Il futuro della tribù, pensò Hawat. La tribù degli Atreides. C’è un senso in tutto questo. E fece uno sforzo per fare la domanda che aveva evitato fino a quel momento:
«Avete notizie del Duca o di suo figlio?»
Gli occhi azzurri, inscrutabili, lo fissarono: «Notizie?»
«La loro sorte!» gridò Hawat.
«La sorte è uguale per tutti» disse il Fremen. «Si dice che il tuo Duca abbia incontrato la sua sorte. Per quanto riguarda il Lisan al-Gaib, suo figlio, tutto è nelle mani di Liet. E Liet non ha detto nulla.»
Sapevo la risposta anche senza fare la domanda, pensò Hawat.
Guardò i suoi uomini. Erano tutti svegli, adesso. Avevano ascoltato e fissavano la distesa di sabbia. Si leggeva la rassegnazione sui loro volti: non avrebbero mai più rivisto Caladan, e ora avevano perduto anche Arrakis.
Hawat si voltò nuovamente verso il Fremen: «Hai notizie di Duncan Idaho?»
«Era nella grande casa quando lo scudo è caduto» rispose il Fremen. «Questo ho sentito dire… e nient’altro.»
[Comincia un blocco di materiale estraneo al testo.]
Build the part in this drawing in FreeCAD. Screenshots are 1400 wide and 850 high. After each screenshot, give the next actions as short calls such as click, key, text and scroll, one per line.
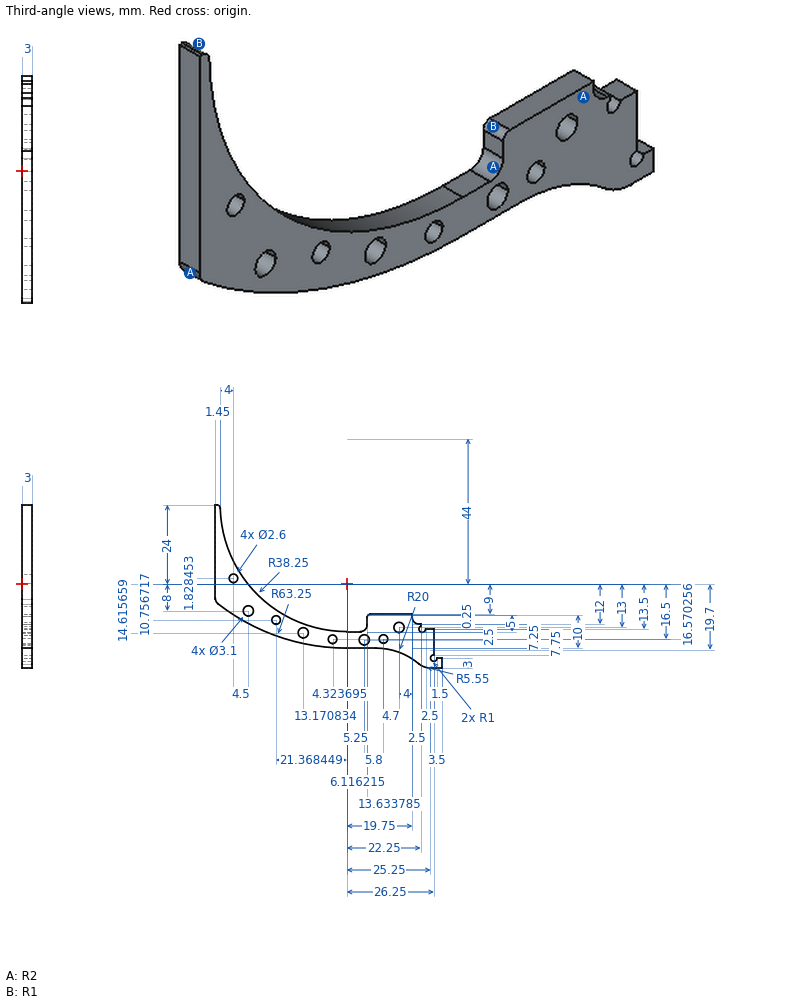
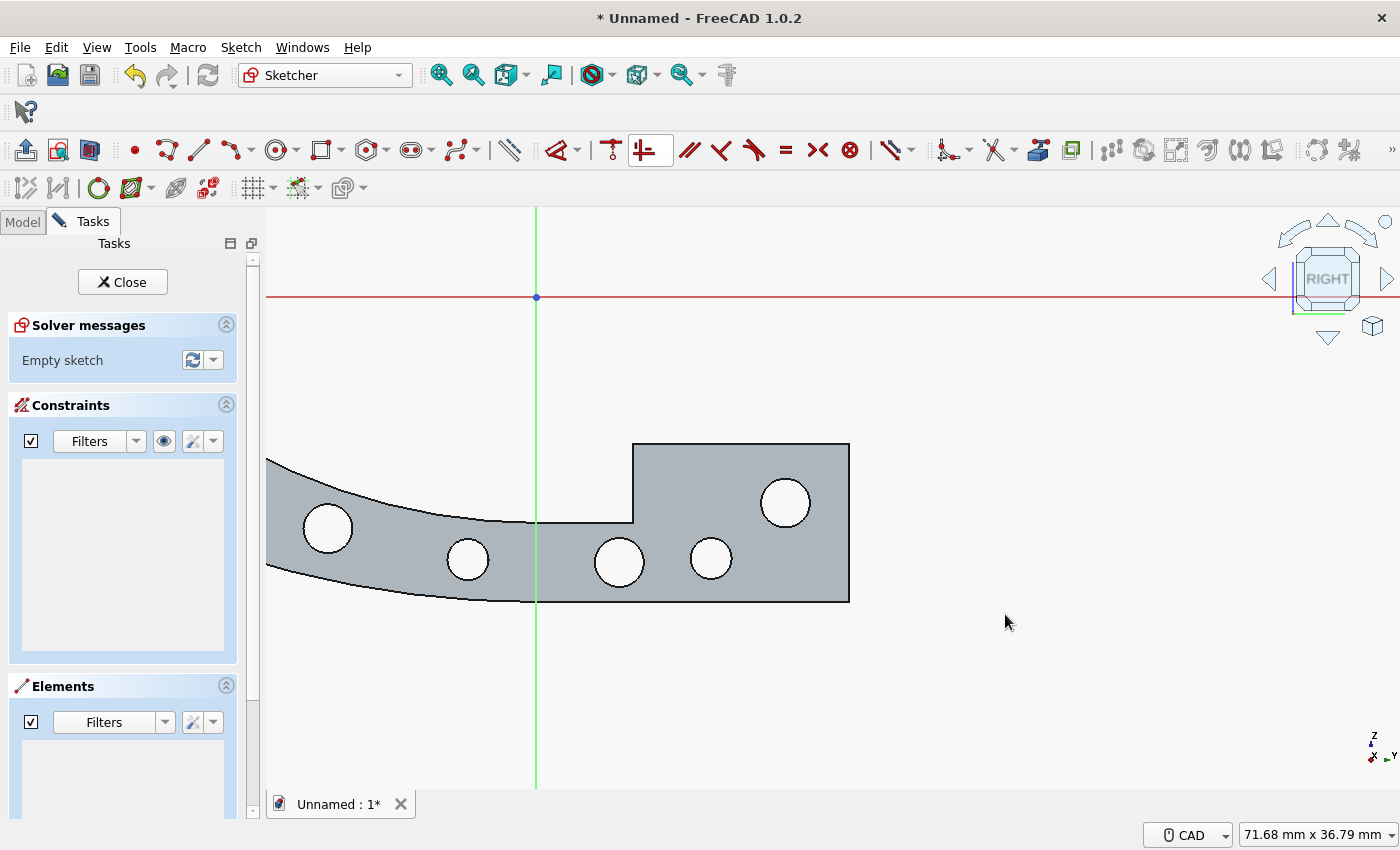
key(g)
key(r)

È stata lei a disattivare lo scudo e a far entrare gli Harkonnen! pensò Hawat. Sono stato io, questa volta, a voltare la schiena alla porta. Ma come ha potuto farlo? Agire contro suo figlio? Ma… chi sa mai cosa pensa una strega Bene Gesserit? Se pure pensa…
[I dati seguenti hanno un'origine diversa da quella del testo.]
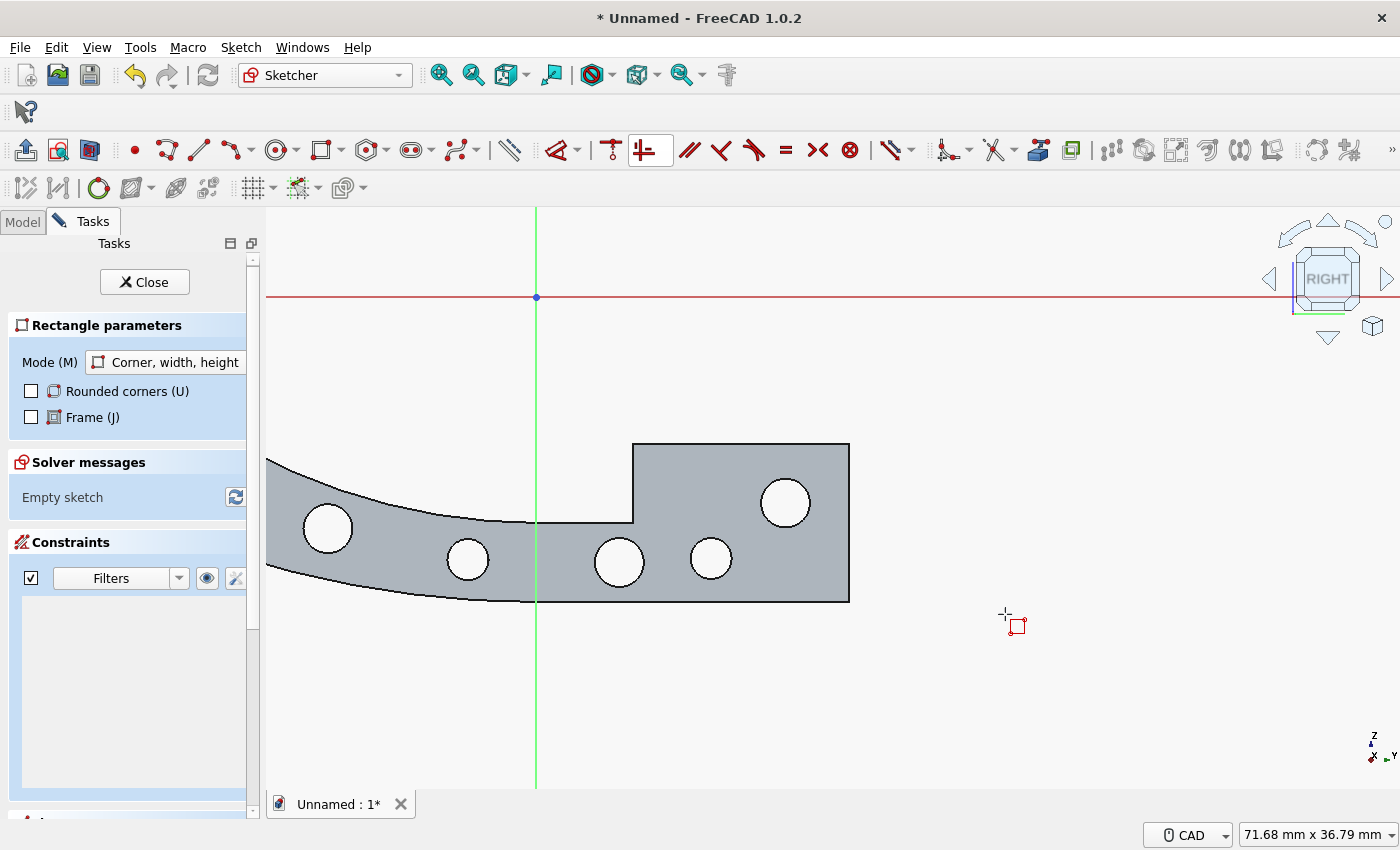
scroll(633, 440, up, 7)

Nuovamente cercò d’inghiottire, ma aveva la gola secca. «Quando avrai notizie del ragazzo?»
«Sappiamo poco di quanto è accaduto ad Arrakeen» replicò il Fremen. Alzò le spalle. «Chi lo sa?»
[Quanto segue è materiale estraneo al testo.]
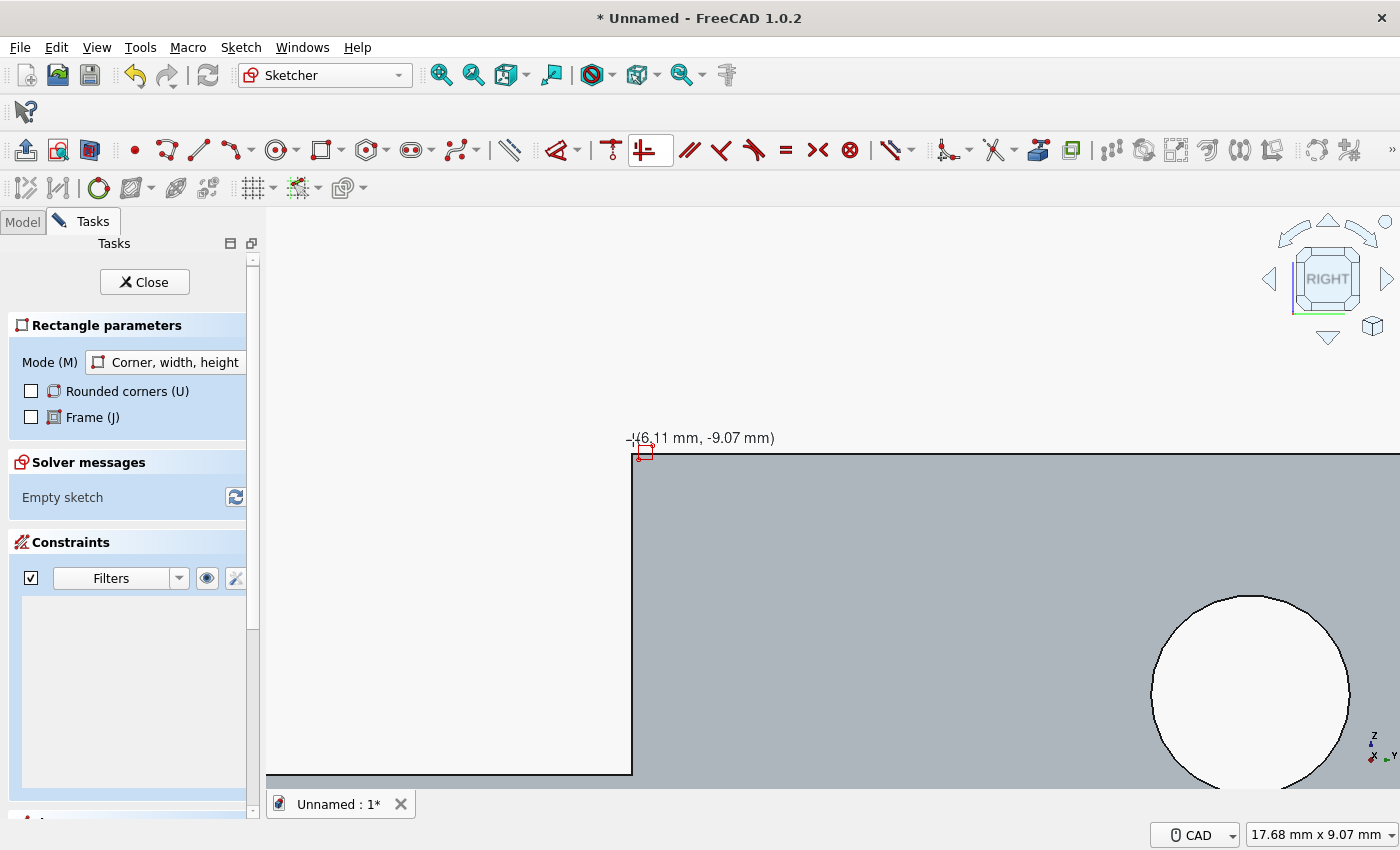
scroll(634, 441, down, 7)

«Hai qualche modo per scoprirlo?»
«Forse.» Il Fremen si sfregò nuovamente la cicatrice al naso. «Dimmi, Thufir Hawat, che cosa ne sai di queste armi pesanti degli Harkonnen?»
L’artiglieria, pensò Hawat, con amarezza. Chi avrebbe mai pensato che avrebbero impiegato l’artiglieria nell’epoca degli scudi?
«Tu parli dell’artiglieria che hanno usato per imprigionare i nostri uomini nelle caverne?» disse. «Io ho… una conoscenza teorica di queste armi esplosive.»